В фамилии Бэггинс есть намек на вульгарность. Одного из троллей, которые, по словам Толкина, очень вульгарны (см. выше), зовут Хаггинс, Билл Хаггинс — не так уж далеко от Бильбо Бэггинса. Хаггинс — это уменьшительно-ласкательная форма от имени Хью, Хьюго (повторю: Толкин знал толк в именах собственных), как и другие распространенные фамилии: Уоткинс, Дженкинс, Диккенс и так далее. Но фамилия Бэггинс образована по иному принципу, хотя с двух точек зрения это вполне бытовое слово. «Бытовое» в том смысле, что оно употребляется в бытовой, а не в литературной речи, поэтому (в постсредневековом английском, но не ранее) считается вульгарным, просторечным, диалектным; кроме того, оно бытовало (то есть повсеместно использовалось) в Северной Англии для обозначения еды, которую берет с собой трудящийся, отправляясь на работу, или любого перекуса, но особенно, как гласит Оксфордский словарь, дневного чая «в сытном варианте». Толкин, разумеется, знал об этом, как и о том, что составители Оксфордского словаря исправили это слово с baggins (как на самом деле говорят люди) на bagging (а это уже гиперкоррекция), поскольку оно приводится и определяется в «Новом словаре хаддерсфилдского диалекта», к которому Толкин в 1928 году написал хвалебное предисловие, — сам он не был северянином, но всю жизнь испытывал благодарность к Лидсскому университету и «всей душой любил» его (см. «Письма», № 229) и ценил северный диалект. «Хоббит» даже заканчивается шуткой, основанной на статье из упомянутого словаря. В хаддерсфилдском диалекте есть слово okshen, созвучное английскому auction (аукцион), но означающее «беспорядок». Составитель словаря Уолтер Хейг зафиксировал выражение, которое, судя по всему, употребила женщина, неодобрительно отзываясь о другой: «Shu’z nout but e slut; er ees [her house] ez e feer okshen [a right mess]» («Да она просто неряха, дома у нее жуткий беспорядок!»). Бильбо, явившись домой, застает там okshen в обоих смыслах — и беспорядок, и аукцион.

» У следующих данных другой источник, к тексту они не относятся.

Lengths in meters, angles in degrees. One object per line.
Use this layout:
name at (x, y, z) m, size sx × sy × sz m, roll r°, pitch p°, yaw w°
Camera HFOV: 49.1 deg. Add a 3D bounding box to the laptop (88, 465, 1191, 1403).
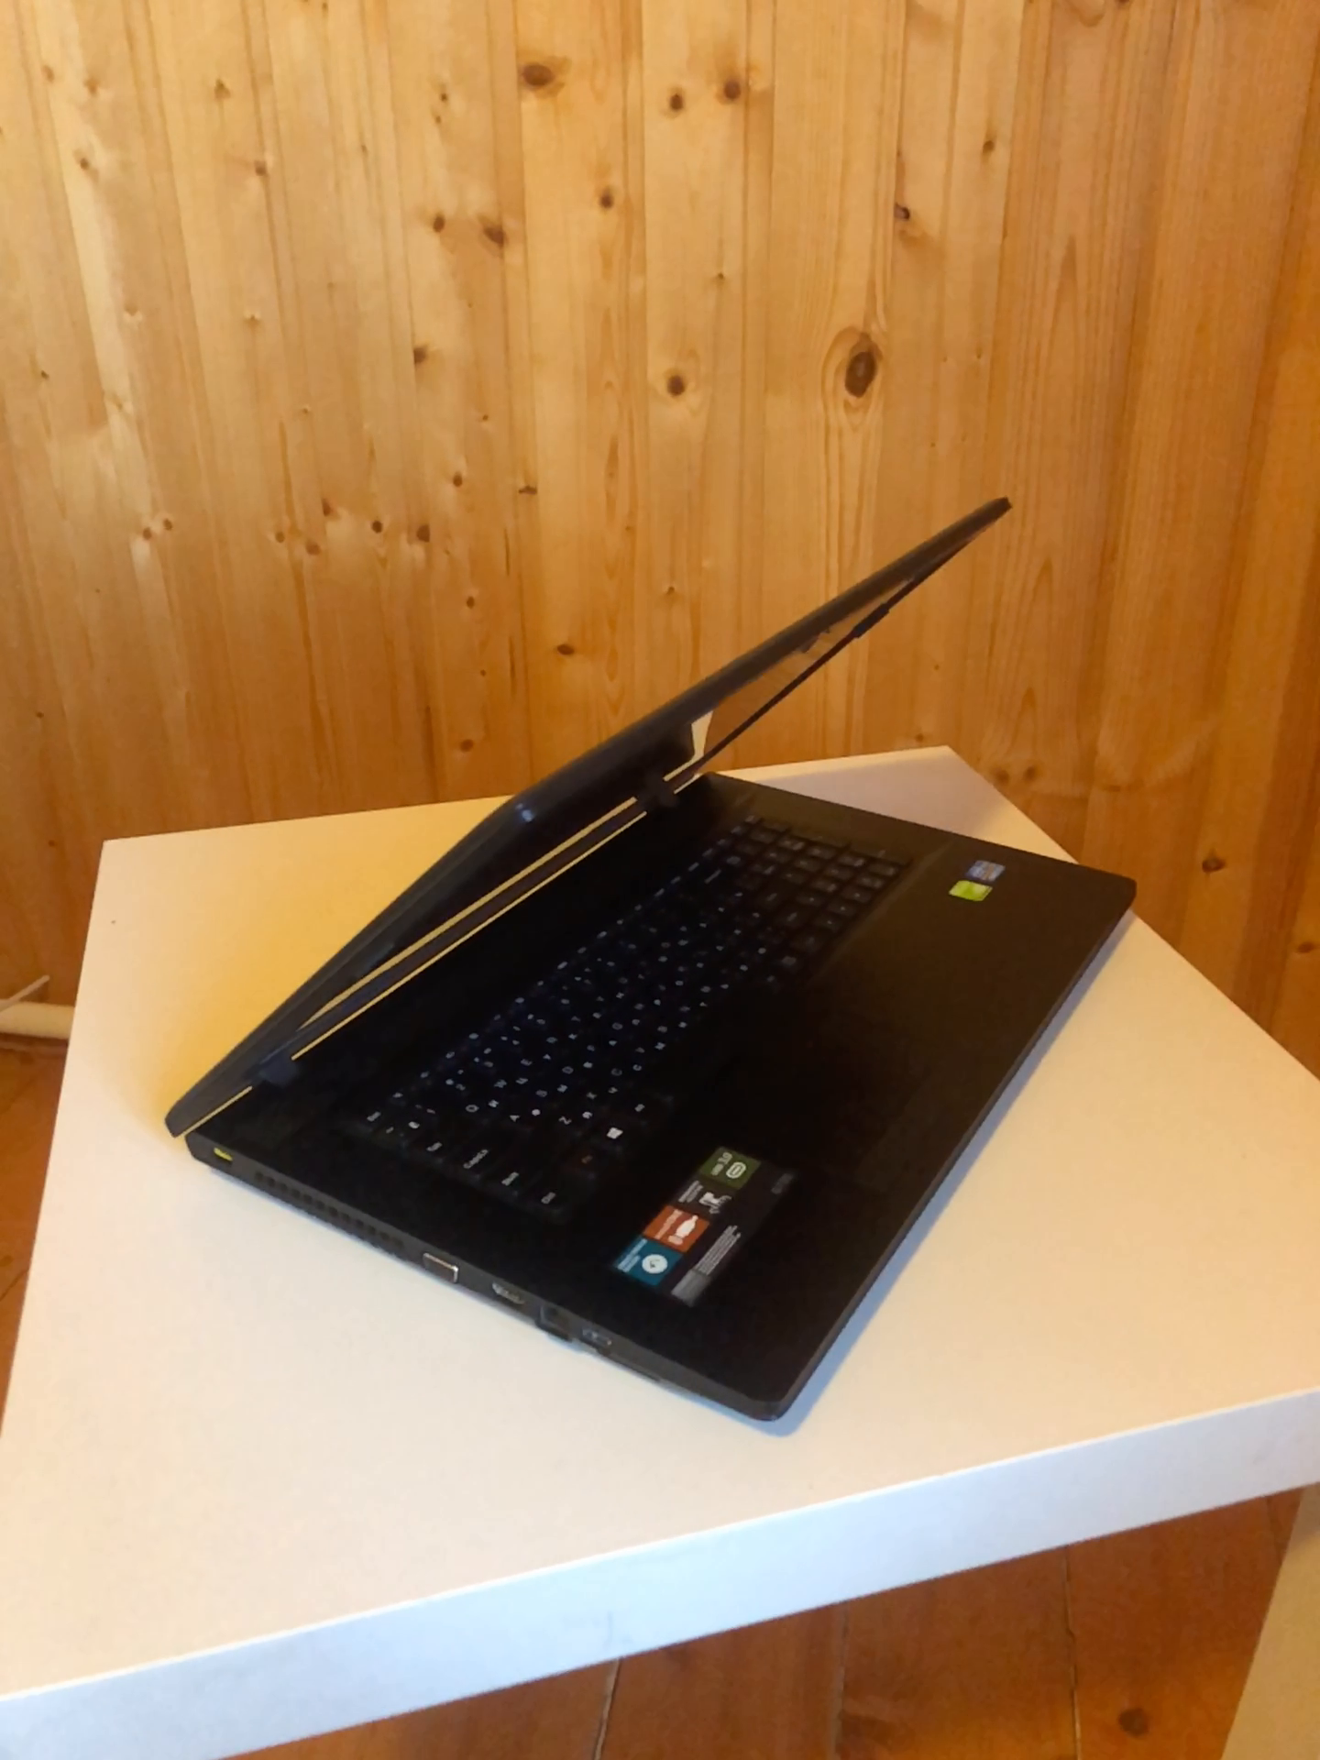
laptop at (0.027, -0.033, 0.634) m, size 0.272 × 0.184 × 0.412 m, roll 16°, pitch 32°, yaw 28°

Но вернемся к самому Бильбо Бэггинсу. Как мы вскоре узнаем, он всегда не прочь хорошо поесть, но особенно любит пить чай. «Нежданные гости», которые заявляются к нему в главе 1, попадают прямиком на чаепитие и, безусловно, «в сытном варианте». Это еще один анахронизм применительно к Бильбо и к хоббитам в целом — они настоящие англичане. Толкин очень явно это подчеркивает в «Прологе» к «Властелину колец», пересказывая историю Хоббитании, которая точь-в-точь совпадает с англосаксонским периодом в истории Англии.
Впрочем, это очевидно и из первой встречи Бильбо с Гэндальфом. Не то чтобы это было важно, но Бильбо не чужд снобизма: не настолько, чтобы не предложить незнакомому прохожему выкурить трубочку, но достаточно, чтобы четко проводить границу между своими и чужими. Хоббит несколько раз демонстрирует высокомерие, которое так раздражает иностранцев в англичанах. Он пренебрежительно отмахивается от самой мысли о «приключениях» («Не понимаю, что в них находят хорошего»), а потом пытается отделаться от Гэндальфа — который, как он решил, не принадлежит к его кругу, «не внушает доверия», — не обращая на него внимания. С совершенно неискренней вежливостью он раз за разом пробует избавиться от него, повторяя: «Доброго утра вам!» — уже в качестве прощания, а не приветствия, дважды с той же целью говорит «спасибо» (в устах англичанина это сокращенно означает «спасибо, не надо») и в конце концов приглашает его на чай — но не сейчас. Очевидно, что во многих репликах Бильбо на самом деле закодирован противоположный смысл: несколькими страницами позже он говорит гномам «вежливо самым своим ненастойчивым тоном»: «Надеюсь, вы не уйдете до ужина?» (для тех, кто знает код, это означает «вы уже злоупотребляете гостеприимством хозяев, пора уходить»).
Все это хорошо знакомо английскому читателю, и, разумеется, он может оценить комизм ситуации, в которой Гэндальф стабильно игнорирует социальный код и ведет себя так, как способен вести себя только иностранец, — как будто Бильбо произносит фразы вроде «прошу прощения!» совершенно искренне.